Jeffrey D. Allred, Deseret News
SALT LAKE CITY — Ask NBA commissioner David Stern about the viability of small market teams and he often trots out Utah and Oklahoma City as Exhibit A. The Jazz have a loyal following that stays with the team even on bad years. Plus they have a history of success.
What they don't have is a championship trophy.
That's not likely to change anytime soon.
Then there's Oklahoma City, a small market team with a pair of superstars and eyes on an NBA championship. Hmmm … sounds familiar. In fact, it's more like the Jazz of the early 1990s than the current edition.

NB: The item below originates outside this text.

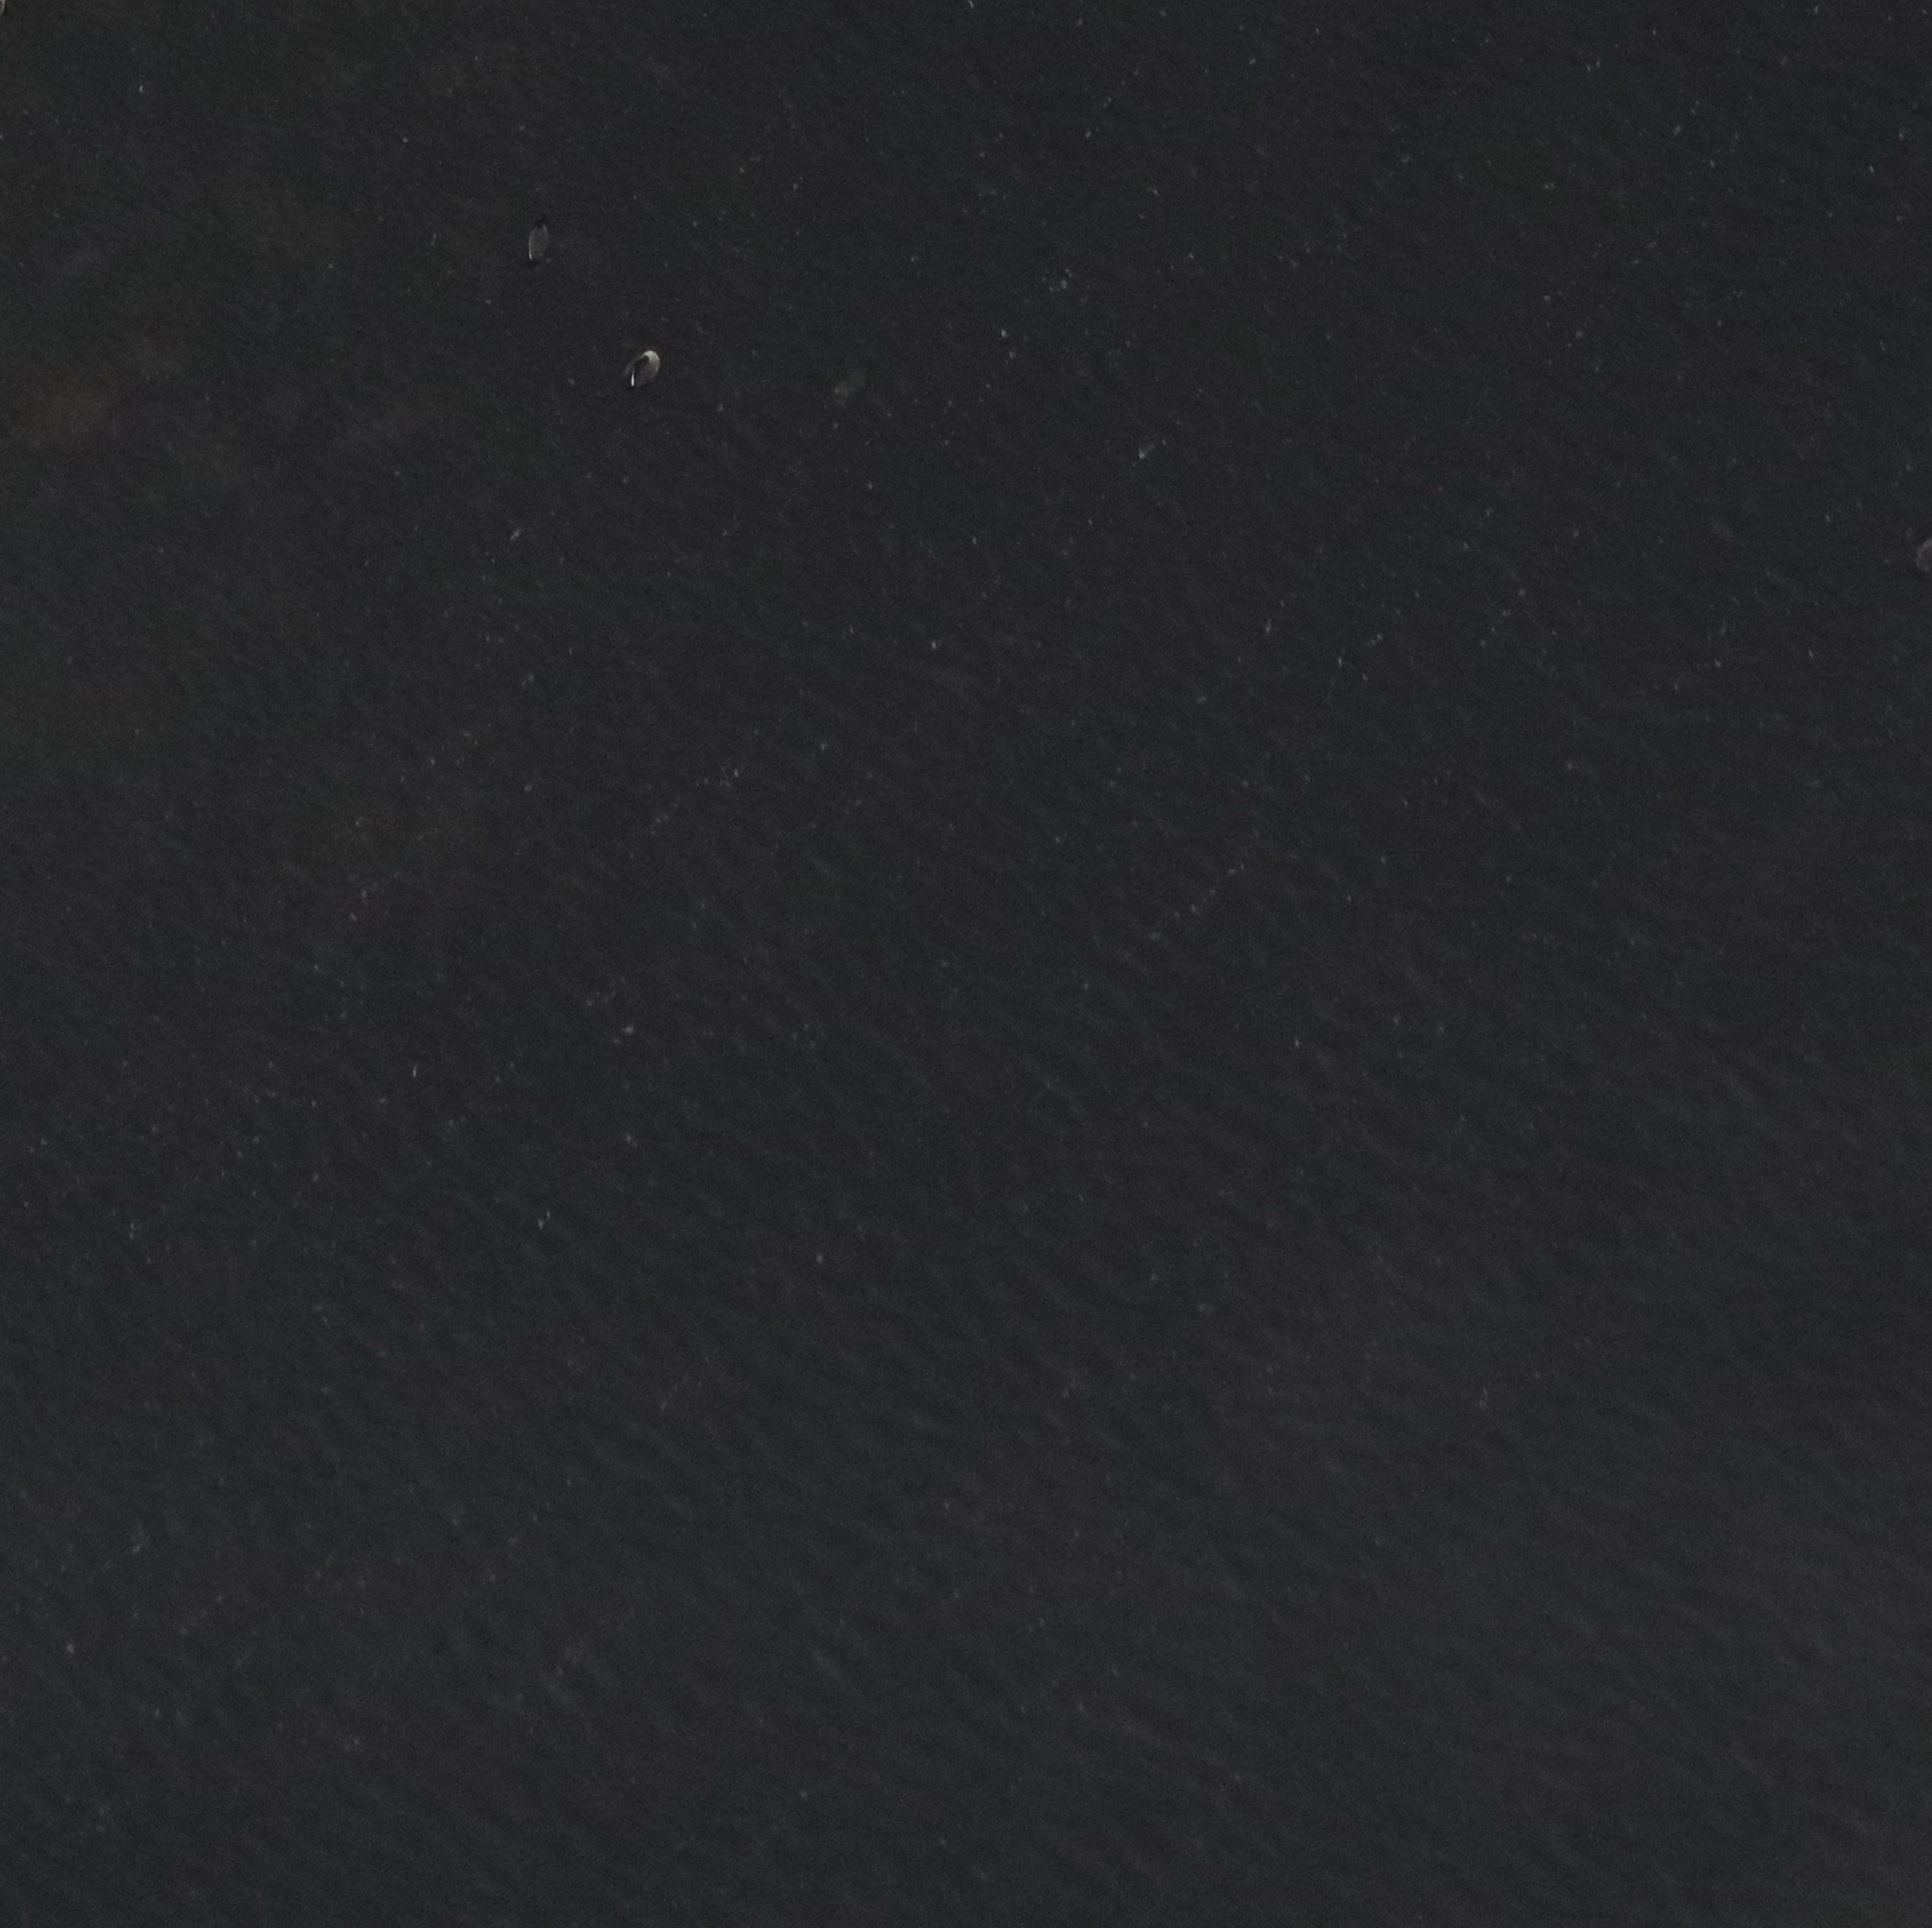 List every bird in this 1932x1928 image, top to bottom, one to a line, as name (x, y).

Canada goose (539, 244)
Canada goose (642, 371)
Canada goose (1924, 553)

The upwardly mobile teams matched up Friday at EnergySolutions Arena with expected results in a 101-87 Thunder win. That gives the Thunder a 21-6 record, best in the conference. Just like the Jazz, both past and present, Oklahoma City sees itself as a blue-collar team, even though superstars Kevin Durant and Russell Westbrook are far more athletic than Karl Malone and John Stockton – or Al Jefferson and Paul Millsap.
Don't remind Thunder coach Scott Brooks, who says both teams are a work in progress.

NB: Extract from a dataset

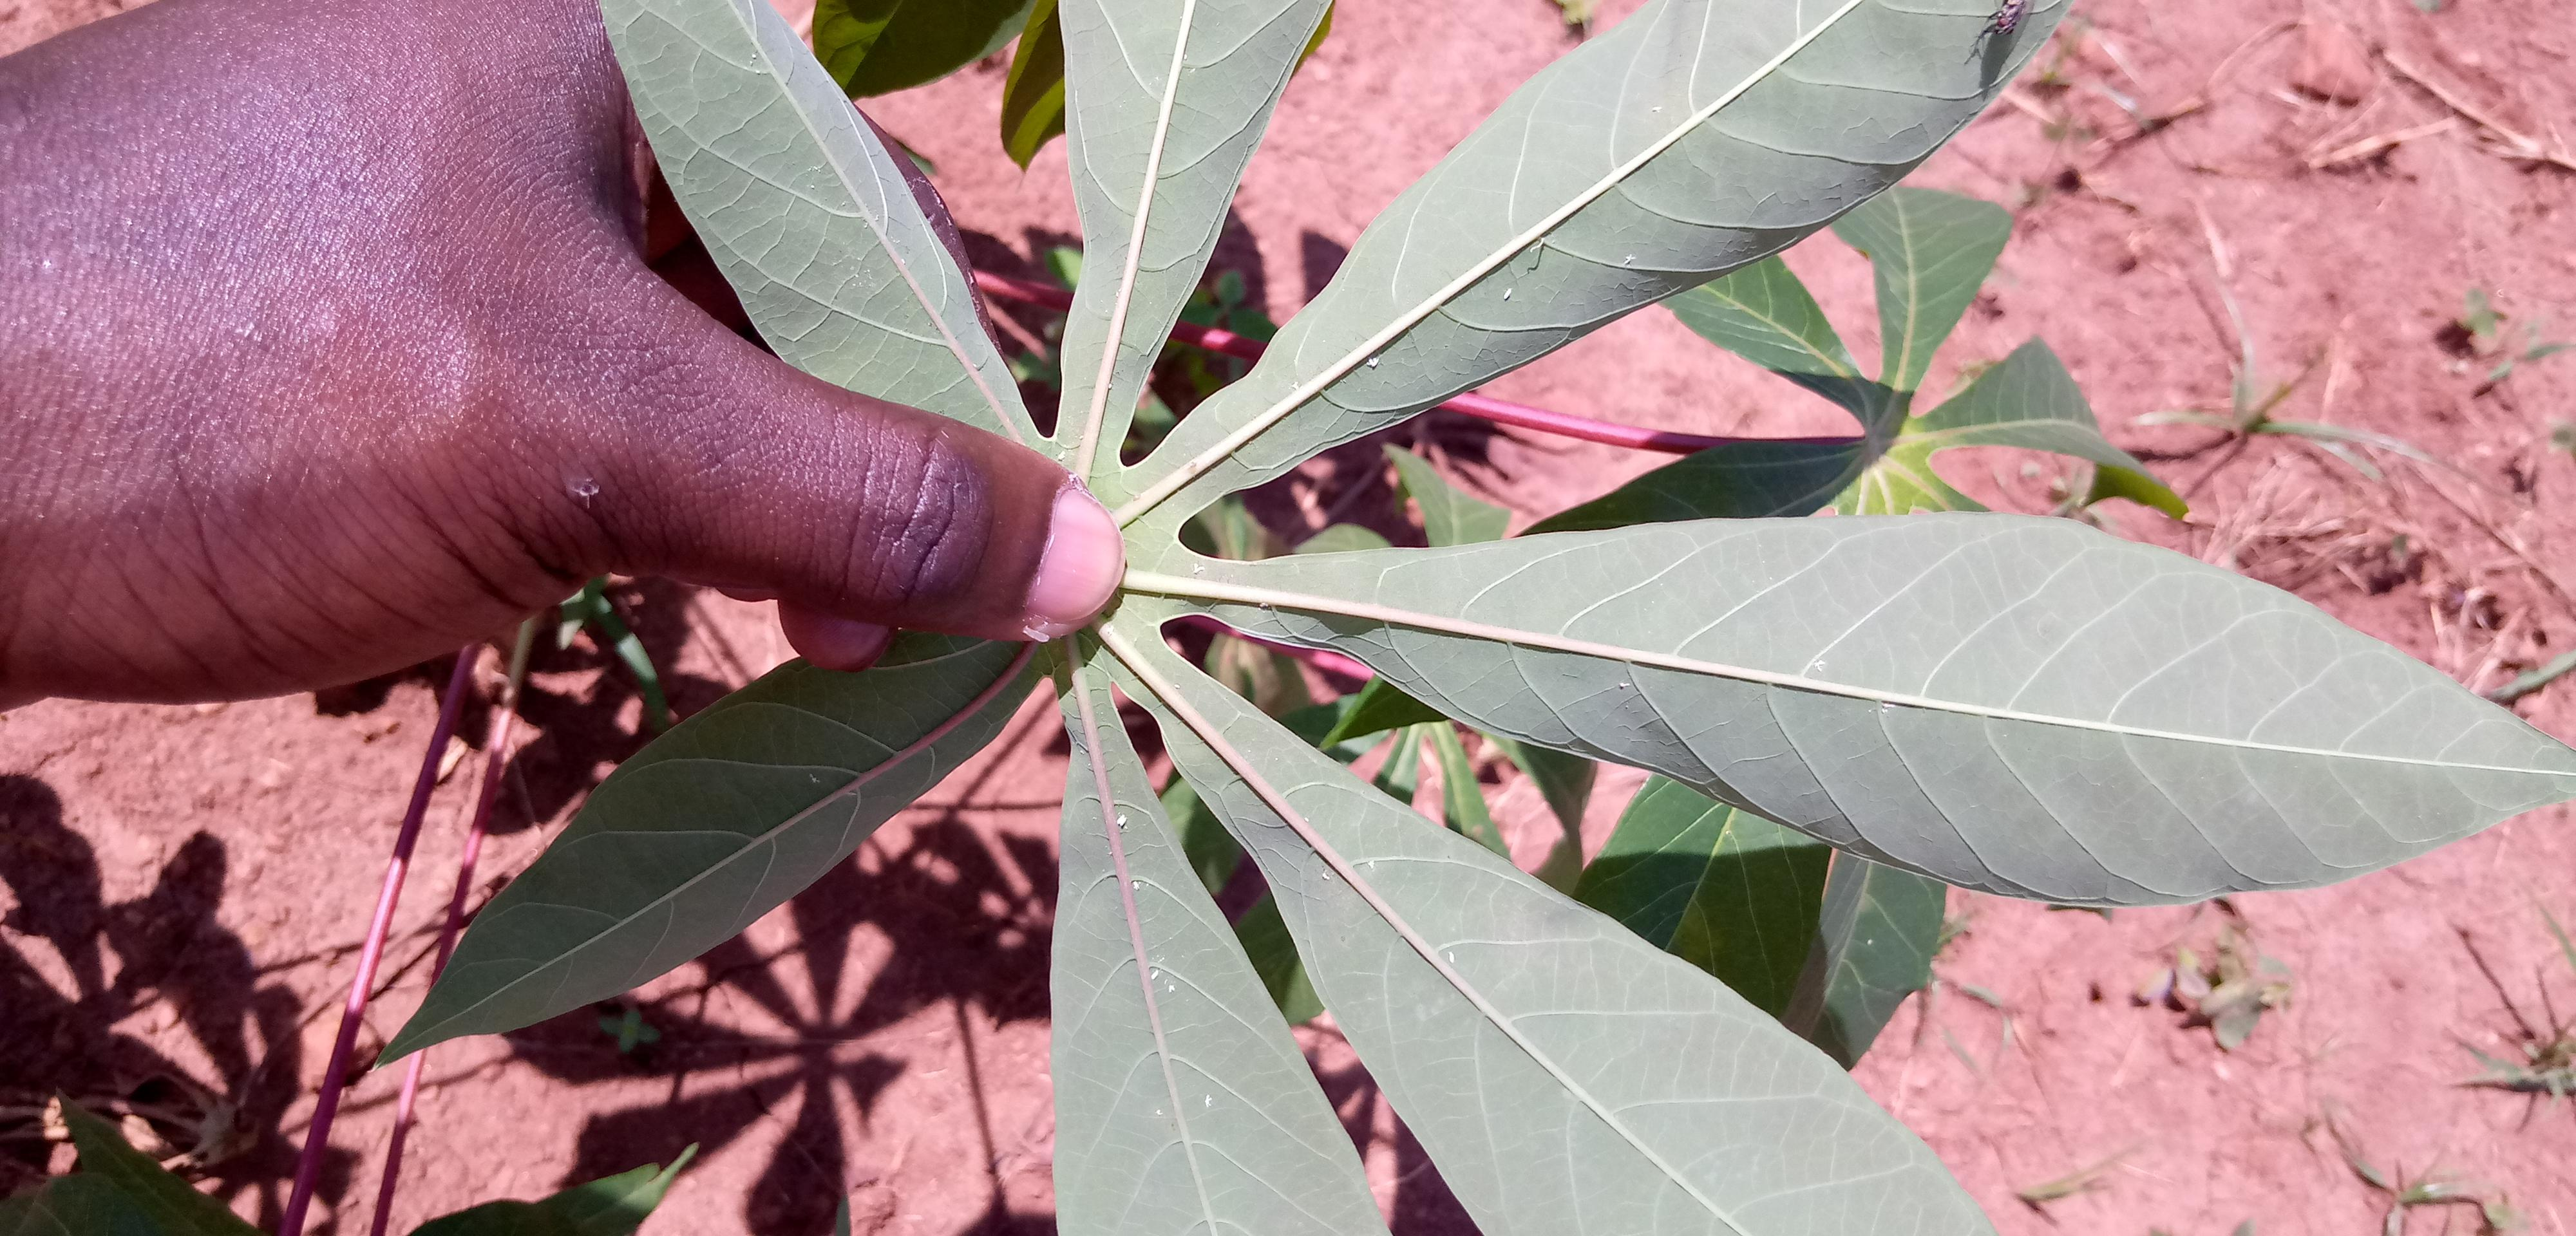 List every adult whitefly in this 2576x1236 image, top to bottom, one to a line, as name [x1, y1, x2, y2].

It's not easy coaching a younger team, because everybody — including coach — wants it now, but they also have to also realize you get better one day at a time," Brooks said.
The Jazz? It's going to take more than a few days. They have now lost five of the last six and are slipping out of playoff position. Meanwhile, the Thunder continue believe a dynasty can thrive in the boonies.
"If it's not broke, don't fix it," Durant told the Sacramento Bee. "I like being here, man. I like everything about this organization and community."
Stockton-to-Malone, Westbrook-to...the rim?
Admittedly it's not an exact comparison. While Stockton spent a career occupied with getting the ball to the Mailman, Westbrook and Durant have reportedly had friction as to who should be the main scorer. But that hasn't been proven to be a big deal, as they have won eight of the last 11 and are widely being called the league's best team. There didn't appear to be any concerns on Friday.
Making noise in a small market is one thing, keeping players from leaving is another. Yet both Westbrook and Durant put their money where their mouths were when they signed contract extensions. In July 2010, Durant signed an $86 million deal to keep him in Oklahoma through 2015-16. Westbrook recently signed a five-year extension. The latter calmed rumors that the town wasn't big enough for the two All-Stars.
Like Oklahoma City, the Jazz are a feisty small market team. But unlike the Thunder, the current Jazz have no superstars — or even current All-Stars.. They actually did a good job of keeping the ball out of Durant's hands on Friday. He finished with just 10 shots totaling 19 points. But the Thunder's depth showed.
As for Stern's contention that small market teams can be viable contenders, it appeared on Friday that he has half a point. The OKC half.
For the first 24 minutes, the Jazz matched the Thunder basket-for-basket and lob-for-lob. Devin Harris and Earl Watson took turns lofting the ball to C.J. Miles for dunks. Oklahoma City had a pair of its own, punctuated by Serge Ibaka. The game remained close until three quick Jazz turnovers in the third quarter led to separation.
You could hear Thunder rolling in the distance.
Thus, yesteryear's small market darling and today's stated their cases.
Westbrook poured in 28 points, but five of the Thunder scored in double figures. The Jazz were so preoccupied with Durant that they didn't slow anyone else.
In the end, it was painfully obvious to the Jazz that while small market teams might win titles, it takes big market talent to get there.